Amiel swore to protect Lia’s family forever.
Lia had children, and they had children, and eventually you wound up with Aerope of Crete. Aerope had children by Atreus and Thyestes, including Agamemnon, Menelaus, and Pelopia. Her line zigzagged off in a couple of directions: for instance, to Priyanka, by way of Menelaus and Helen of Troy, and to the first hero Ella, probably by way of Agamemnon. That’s where we think the ancestry of Liril and Jenna diverged, by the way: Liril inheriting from Helen of Troy and Jenna not so much. That said, there’s plenty of genes in the pool, and certain disreputable scholars claim that just about all the people of salt have a common ancestor in Helen’s daughter Hermione.

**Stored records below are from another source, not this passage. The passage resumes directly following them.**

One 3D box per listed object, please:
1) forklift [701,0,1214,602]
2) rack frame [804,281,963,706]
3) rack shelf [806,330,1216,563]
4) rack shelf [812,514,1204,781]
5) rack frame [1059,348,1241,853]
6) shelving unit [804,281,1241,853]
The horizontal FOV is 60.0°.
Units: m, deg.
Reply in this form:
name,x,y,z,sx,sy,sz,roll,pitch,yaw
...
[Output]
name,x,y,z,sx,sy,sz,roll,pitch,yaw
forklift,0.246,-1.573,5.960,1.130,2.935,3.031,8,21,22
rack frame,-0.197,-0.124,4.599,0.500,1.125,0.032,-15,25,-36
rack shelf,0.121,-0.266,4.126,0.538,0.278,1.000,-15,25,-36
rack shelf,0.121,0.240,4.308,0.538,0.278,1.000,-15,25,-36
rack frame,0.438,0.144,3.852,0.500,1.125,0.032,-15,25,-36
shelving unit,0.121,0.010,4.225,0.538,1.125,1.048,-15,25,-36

We call this family the Nephilim.
Meanwhile, Amiel’s line became the House of Atreus, which hooked together with the people of salt up at that mention of Atreus above. The two bloodlines didn’t become one people, though; genealogy or no genealogy, Amiel’s heirs fissioned off and stayed fissioned off as the line of monsters.
By the time you had Nabonidus in Babylon, the House of Atreus was a pretty serious threat to just about everything. Its branch in India was mysteriously culled back around 583, and the American House had problems of its own, but the Middle Eastern lineage was going strong and educing all kinds of domesticated gods from the Nephilim there.
They were a threat even to the throne of the world!
So everyone breathed a sigh of relief, more or less, when Mylitta was born.
At last! the world thought.
At last, the world thought, somebody would do something!
Because heroes can kill monsters. That’s in the rule book. Heroes can kill monsters. All Mylitta had to do was kill off Nabonidus and cut a swathe of blood through his family and Babylon’s aristocracy, burn the ground and salt the earth, and maybe spend a few decades wandering the earth murdering whatever representatives of her ancestor’s sister’s family she could find, and then everything would be all right forever.
And that’s exactly what she did!
Except for the part where she didn’t do any of it, at all, causing no end of historians who were not there and don’t know what it was like and never had to do anything hard in their entire lives to look down on her.
But it’s OK.
It’s OK.
She won!
It’s like we said a long time ago.
Shame was set 556 years before the common era.
17 years later, in 539 BCE, the hero Mylitta would make an answer to monsters forever and ever;
and they would deliver the world from sorrow.